Monday, 14 May 2012

Robert Capa and Gerda Taro: love in a time of war

 

Robert Capa and Gerda Taro: love in a time of war

It begins with a photograph.

On her release, she used a fake passport to travel overland to Paris, where she was looked after by a communist network.

Though Friedmann could seldom afford to buy film and often had to pawn his camera to survive in Paris, he schooled Pohorylle in the rudiments of photography and found her a job in the newly formed Alliance Photo picture agency. "She picked him up, gave him direction. Taro then returned to Spain alone, despite the growing concerns of her friends who, having seen her recent photographs of the fighting, feared for her safety.

Though the context of the photograph is still contested, the imagined conversation does describe what probably happened that day just before a Francoist sniper returned fire from across the hills, killing the militiaman who was running down the hill for Capa's camera.

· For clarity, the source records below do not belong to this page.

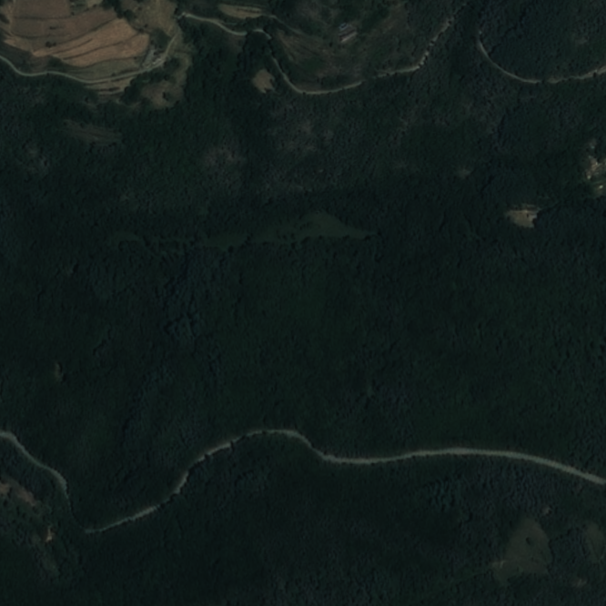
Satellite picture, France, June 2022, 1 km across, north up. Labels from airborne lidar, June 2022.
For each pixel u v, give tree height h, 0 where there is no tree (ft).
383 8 19
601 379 43
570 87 51
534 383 56
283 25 29
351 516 59
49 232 110
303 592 69
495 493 62
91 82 0
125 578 71
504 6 66
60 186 91
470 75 65
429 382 52
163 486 68
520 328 66
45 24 0
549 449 56
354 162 59
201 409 49
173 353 70
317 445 60
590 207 76
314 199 92
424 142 37
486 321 60
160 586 68
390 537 61
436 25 47
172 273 44
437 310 70
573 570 64
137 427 136
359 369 63
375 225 75
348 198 63
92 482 77
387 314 73
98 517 93
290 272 51
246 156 46
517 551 0
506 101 43
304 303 56
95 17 0
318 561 64
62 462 70
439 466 49
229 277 104
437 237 83
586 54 29
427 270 83
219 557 91
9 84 31
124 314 89
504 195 126
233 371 68
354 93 37
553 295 68
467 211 79
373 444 77
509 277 57
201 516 89
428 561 45
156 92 0
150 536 65
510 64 70
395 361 64
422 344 47
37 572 67
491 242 39
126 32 0
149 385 136
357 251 61
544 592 49
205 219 72
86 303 84
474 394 64
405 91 46
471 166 42
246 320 51
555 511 54
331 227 0
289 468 60
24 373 47
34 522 47
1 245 109
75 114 46
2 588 69
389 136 47
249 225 87
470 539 54
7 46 0
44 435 40
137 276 79
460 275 96
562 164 49
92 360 84
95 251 90
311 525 66
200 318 81
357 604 74
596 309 74
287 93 40
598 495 25
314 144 36
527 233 68
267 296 71
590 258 88
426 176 60
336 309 74
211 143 31
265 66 52
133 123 58
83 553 96
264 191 35
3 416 56
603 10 32
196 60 43
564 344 71
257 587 68
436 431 67
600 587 47
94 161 63
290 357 72
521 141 96
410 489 62
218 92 69
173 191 55
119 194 40
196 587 76
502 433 48
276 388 67
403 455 53
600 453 79
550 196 36
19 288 105
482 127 54
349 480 73
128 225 74
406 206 94
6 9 0
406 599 39
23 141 55
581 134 48
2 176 88
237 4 20
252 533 79
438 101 50
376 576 88
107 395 75
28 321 73
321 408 70
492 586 53
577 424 68
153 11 0
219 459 59
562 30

In Spain, Capa soon developed a fantastic reputation for taking photographs no matter what the risk, setting the tone for war reportage as we now know it. It is the only way to walk the path.

By then, she too had experienced radical politics, arrest and flight. Transported to a nearby field hospital, Taro died from her injuries in the early hours of the following morning. They both believed that their photographs could change the world and change the way people think. And their photographs did. Allan protected her with a film camera as shrapnel and rocks fell around them. One always writes with one foot on the ground and the other in the air. She was arrested by the Nazis on 19 March 1933 and interrogated about a supposed Bolshevik plot to overthrow Hitler. He was in a bad way when they met, and maybe without her it would have been the end for him. Capa went on to become the most famous of the two, and arguably the most famous war photographer of the 20th century due to his visceral images of the D-day landings on Omaha Beach in Normandy. His most famous estimate would become a dictum by which ensuing generations of war photographers worked: "If your pictures aren't good enough, you're not close enough.

With the Spanish civil war as its main backdrop, the narrative is an uneasy, sometimes awkward, merging of fact and fiction, and will almost certainly offend the many guardians of both Capa and Taro's reputations just as it will no doubt entrance the mainstream cinema-going audience should it be made into a Hollywood film. This is reflected in the dialogue, the literary tension, the humour, the fights, the passion, the sex, the mixed feelings. That's part of the novelist's job. Their lives were entwined, but she was very much her own woman, and he knew that. She had reinvented herself - but the Capa myth was so strong that, even when she died, some newspapers described her as Robert Capa's wife. "She was a pioneering woman both as a photographer and a political activist," says Ziff.

Together, André Friedmann and Gerta Pohorylle would change their names and their destiny, becoming Robert Capa and Gerda Taro, the most celebrated visual chroniclers of the Spanish civil war. She travelled back and forth to the frontlines, shooting what she saw, often driven by a mix of humanity, political commitment and a shrewd understanding of the power of the photograph to shape public opinion.

Throughout 1937, Taro visited several frontlines, either with Capa or on her own.

On Sunday 25July, the pair found themselves trapped in a foxhole near Brunete as bombs fell around them relentlessly. Then, as republican troops began pulling out of the area, Taro and Allan ran out of the foxhole and hitched a ride on the running board of a car while the planes continued to strafe the retreating convoy. In the chaos, the car was then rammed by an out-of-control republican tank and the couple were thrown into the dirt. She was 26.